The church is built of brick with freestone dressings and a graded slate roof. It follows a simple free Gothic style and comprises an aisled nave with north-west and south-west porches, a chancel with a north organ chamber and vestry, and a south chapel.
The tall nave has a steep roof with eyebrow ventilators and a shingled fleche between nave and chancel, featuring open trefoil arcading to a single bell. The nave is four bays with tall two-light Decorated clerestorey windows and small lancet aisle windows. The north-west porch has a north-east buttress containing a figure of St Osmund in a niche, with the entrance framed by ringed granite shafts leading to recessed doors beneath a tympanum bearing an inscription.

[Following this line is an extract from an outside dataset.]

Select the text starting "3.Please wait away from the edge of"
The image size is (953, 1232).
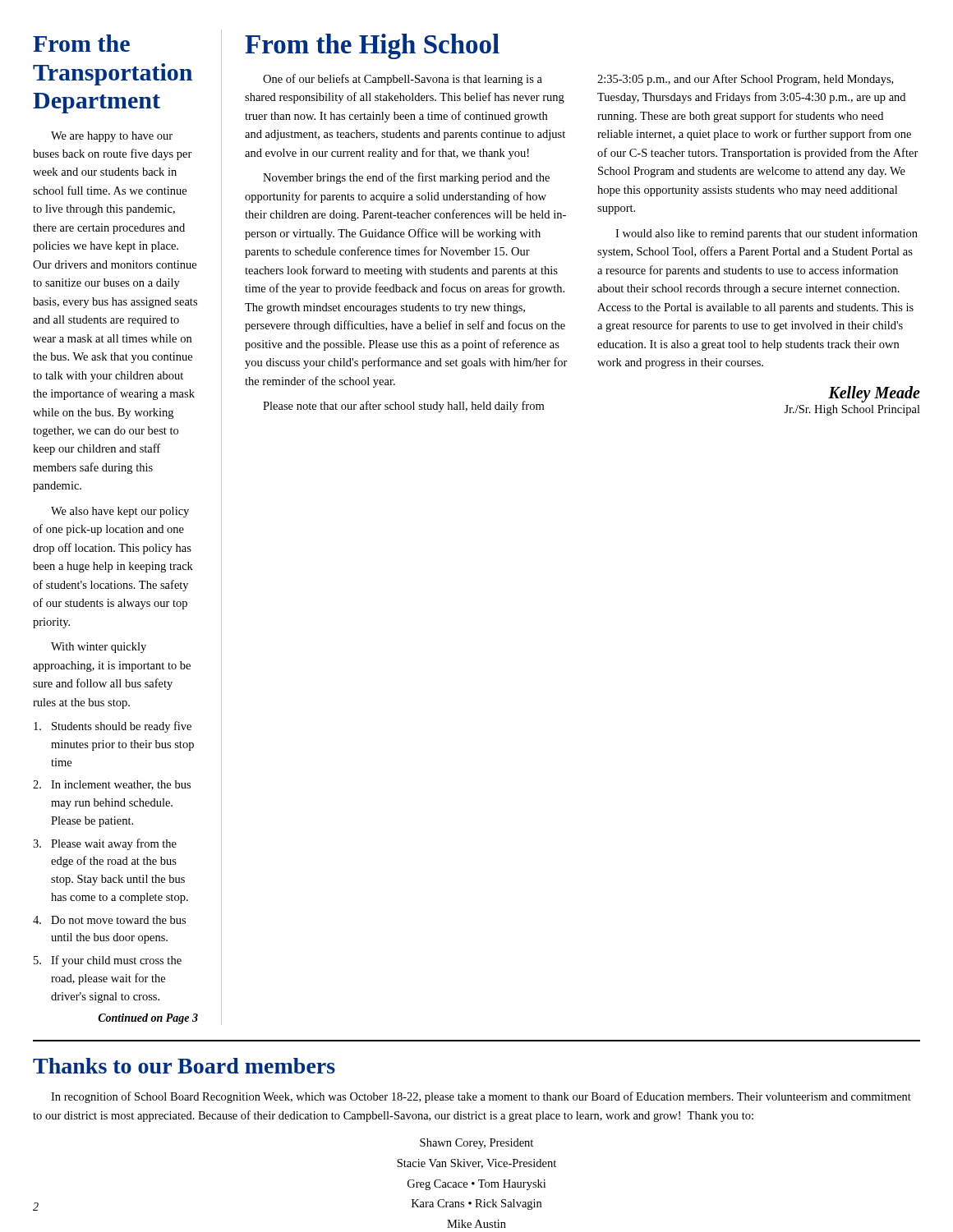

The plainer south-west porch has a stepped segmental-pointed arch to west doors. The west front comprises high triple lancets with two cusped narrow windows below. The chancel has one north lancet, two south lancets, and a Decorated three-light east window under chequerwork brick and stone in the gable. The three-bay south chapel has gabled buttresses, a two-light east window, and on the south side, lancets under segmental arches spanning the buttresses. The north organ chamber has two tall high lancets recessed under a segmental arch, with an L-shaped vestry below.
The lofty nave and chancel form a single internal space beneath a seven-bay crown-post roof, with a double truss on corbelled wall shafts marking the junction and supporting the fleche. The nave arcades have round piers of glazed white brick with stepped arches. The aisles have arched-brace roofs and the chapel has quadripartite vaults with freestone ribs. Three arches on the south side of the chancel lead into the chapel, and a high arch on semi-circular responds connects to the organ chamber. The walls are brick. The floor comprises tiles with floorboards beneath the pews and a black-and-white diaper marble floor in the sanctuary.
The church contains several high-quality Anglo-Catholic fixtures. The severely detailed octagonal font bowl sits on an arcaded stem. Stations of the Cross are displayed as plaster-cast panels in the aisle walls. The polygonal wooden pulpit incorporates carvings of the Evangelists, said to be the work of the first incumbent. The banded Chellaston marble reredos features a central arch with a wooden figure of Christ against a mosaic background. The benches have inverted Y-shaped ends, though many have been removed. Choir stalls have carved finials to their ends. A low cast and wrought-iron chancel screen stands on a dwarf wall, above which is a rood beam with traditional rood.